Se compone de tres grupos de neuronas, lo que indica la posibilidad de que las poblaciones celulares más representativas en el giro dentado sean neuronas granulares, otras neuronas excitadoras y neuronas inhibidoras. Dentro de la muestra no clasificada por FACS, los grupos no neuronales identificados estaban formados principalmente por 11.1% de tipos de células gliales, incluidos astrocitos, oligodendrocitos y células precursoras de oligodendrocitos, 3.3% de células inmunes y 0, 6% de células de Cajal-Retzius.
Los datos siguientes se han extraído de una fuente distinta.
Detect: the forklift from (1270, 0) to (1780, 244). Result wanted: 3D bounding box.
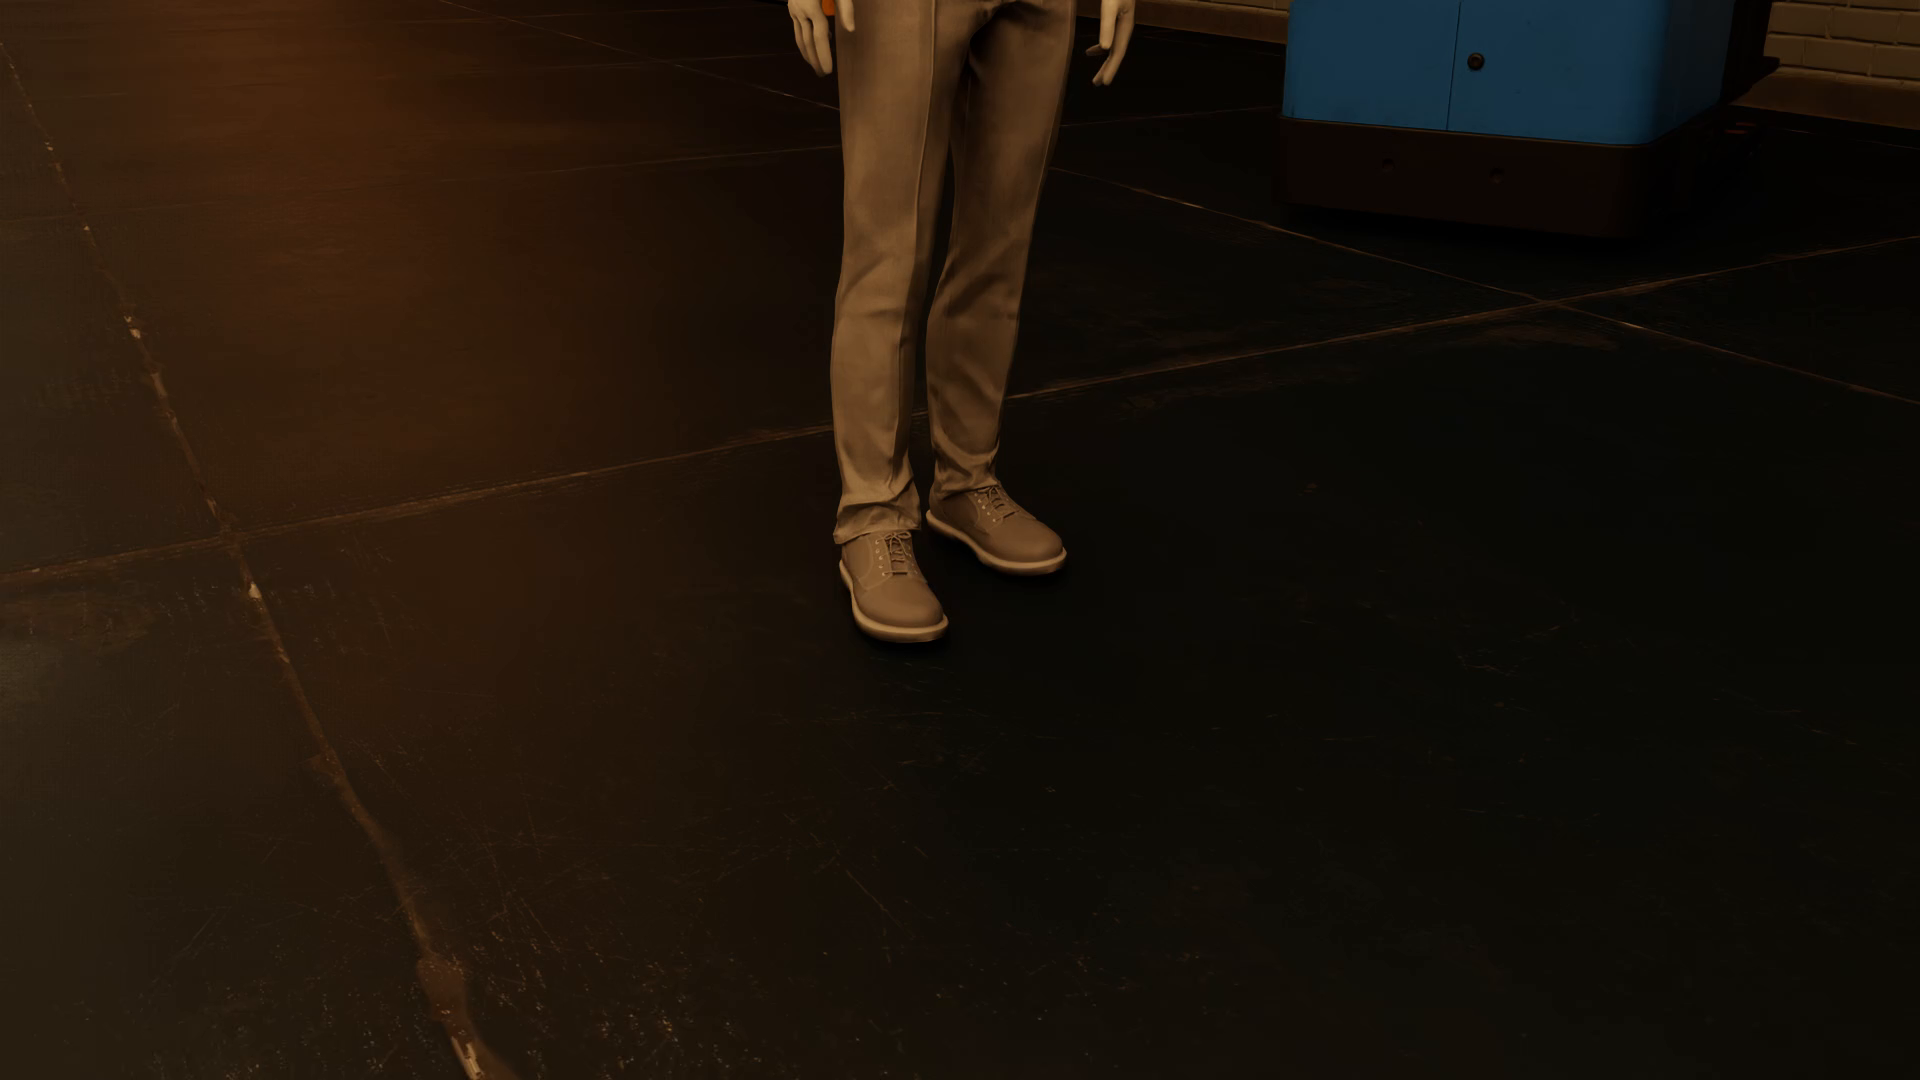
[{"bbox_3d":[2.133,-2.658,5.251,1.130,2.935,3.031,14,26,30],"label":"forklift"}]

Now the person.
[{"bbox_3d":[0.028,-0.767,2.252,0.586,1.694,0.532,-12,25,-28],"label":"person"}]

Mientras realizaban FANS para excluir poblaciones NeuN positivas, los grupos de células gliales se hicieron prominentes, con el 81,3% del total de núcleos.
Para las muestras secuenciadas a 50.000 lecturas por núcleo, se detectaron 25.010 genes por núcleo para la muestra no clasificada por FACS, y 1.665,5 genes para la muestra FANS NeuN-negativo, lo que confirma que el perfil transcriptómico de alta calidad de núcleos individuales y la clasificación FACS no daña los núcleos para el posterior snRNA-seq. La alta proporción de neuronas en la muestra no clasificada por FACS tuvo una mayor actividad transcripcional de 2.660 genes por núcleo y 6.170 transcripciones por núcleo en la muestra no clasificada por FACS que los tipos de células no neuronales con una actividad transcripcional promedio de 1.090 genes por núcleo y 1.785 transcripciones por núcleo. Una vez que se han generado los datos con este protocolo, vale la pena considerar estos nuevos métodos ortogonales como los síntomas especiales o los estudios in vivo para validar cualquier hallazgo.